OptimalSPARES™ Wiki / Spares optimisation
The frame
Spares optimisation
Every spare part is a bet against a failure. Hold too few and a stockout turns a quick repair into a long shutdown; hold too many and capital, storage and obsolescence quietly drain away. Spares optimisation is finding the holding that balances the two, part by part.
The two ways to be wrong
| Stockout | The part is not there when the asset needs it. A short repair becomes an extended outage while the part is expedited or made. The cost is the downtime, not the part. |
|---|---|
| Overstock | Capital sits on a shelf, insured, stored, counted and slowly going obsolete. Most storerooms carry a large tail of parts that have not moved in years. |
The two errors pull in opposite directions, so the answer is never a blanket rule like hold two of everything. It is a per-part decision driven by how much a stockout would cost and how hard the part is to get.
Not all spares are alike
| Consumables | Gaskets, filters, fasteners: low value, steady demand, easy to model with classical inventory maths. |
|---|---|
| Rotables and repairables | Assemblies that are swapped and refurbished, so the pool and the repair loop must be managed, not just the buy. |
| Insurance and capital spares | Rarely or never demanded, but catastrophic and long-lead if missing. Held on risk, not on demand history, and classical EOQ does not apply. |
Across the network: pooling and redeployment
The largest reductions often come not from a single store but from across the network.
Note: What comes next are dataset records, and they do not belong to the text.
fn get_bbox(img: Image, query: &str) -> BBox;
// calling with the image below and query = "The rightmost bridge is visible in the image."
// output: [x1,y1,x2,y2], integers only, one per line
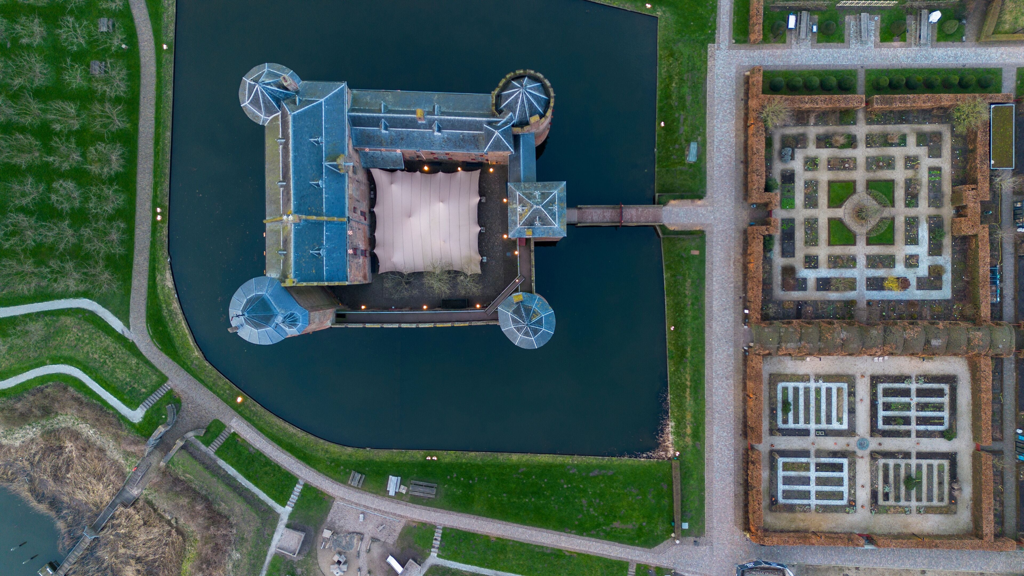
[566,204,663,227]
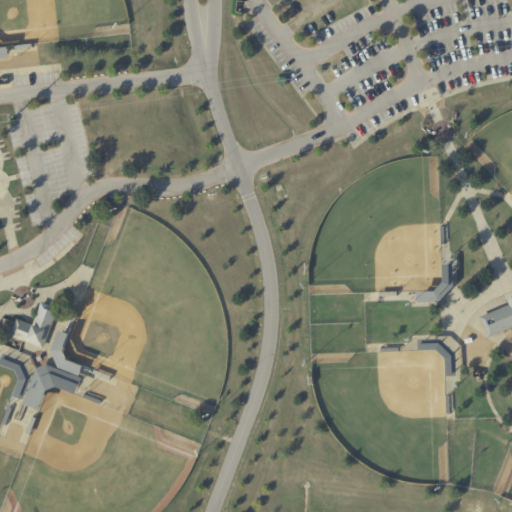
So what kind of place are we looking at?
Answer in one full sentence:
It's a sports ground.
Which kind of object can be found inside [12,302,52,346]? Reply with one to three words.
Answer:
building
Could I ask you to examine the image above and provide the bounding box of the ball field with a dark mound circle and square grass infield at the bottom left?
[0,389,200,512]
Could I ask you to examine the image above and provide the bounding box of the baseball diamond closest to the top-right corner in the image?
[466,110,512,202]
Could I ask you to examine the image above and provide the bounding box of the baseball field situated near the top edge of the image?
[0,0,130,46]
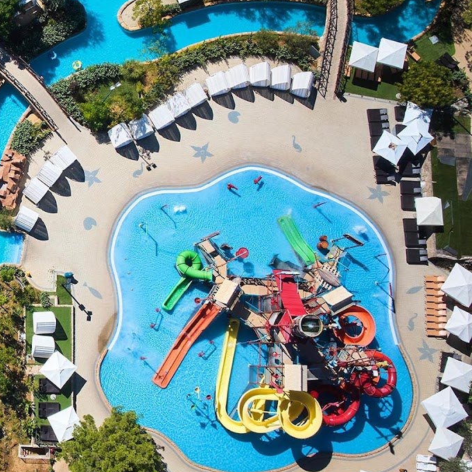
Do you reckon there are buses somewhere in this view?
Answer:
No
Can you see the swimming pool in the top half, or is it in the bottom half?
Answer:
bottom
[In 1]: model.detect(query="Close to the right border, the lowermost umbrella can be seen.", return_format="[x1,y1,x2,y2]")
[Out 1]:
[424,423,464,462]

When several sites hold the same part, the aggregate safety stock can be pooled: one shared or virtual holding covers them all at a far lower total than each site stocking on its own, and an emergency at one plant can be met from another in hours rather than weeks. The same cross-site view exposes the excess and obsolete stock sitting in one store that another site actually needs, so material is redeployed, resold or returned rather than written off. This only works on harmonised data, where the same physical part is recognised as the same across every site and ERP, which is why the data foundation on the next pages matters so much.
Spares serve the strategy
Spares are the physical enabler of the maintenance strategy. Reliability and RCM decide which failures are managed and how; the spare is what makes the planned job actually happen on the day. This is why criticality flows from the asset to the part: a spare is only as critical as the failure it lets you fix. The bill of materials is the link, and the criticality is inherited from the analysis on the next page.
Where OptimalSPARES™ fits
OptimalSPARES™ holds the whole picture as one model: the materials data, the asset links, the criticality, the demand history and the stocking policy. Change a criticality or a lead time and the recommended min, max and reorder move with it, so the storeroom stays matched to the plant rather than frozen at whatever was set years ago.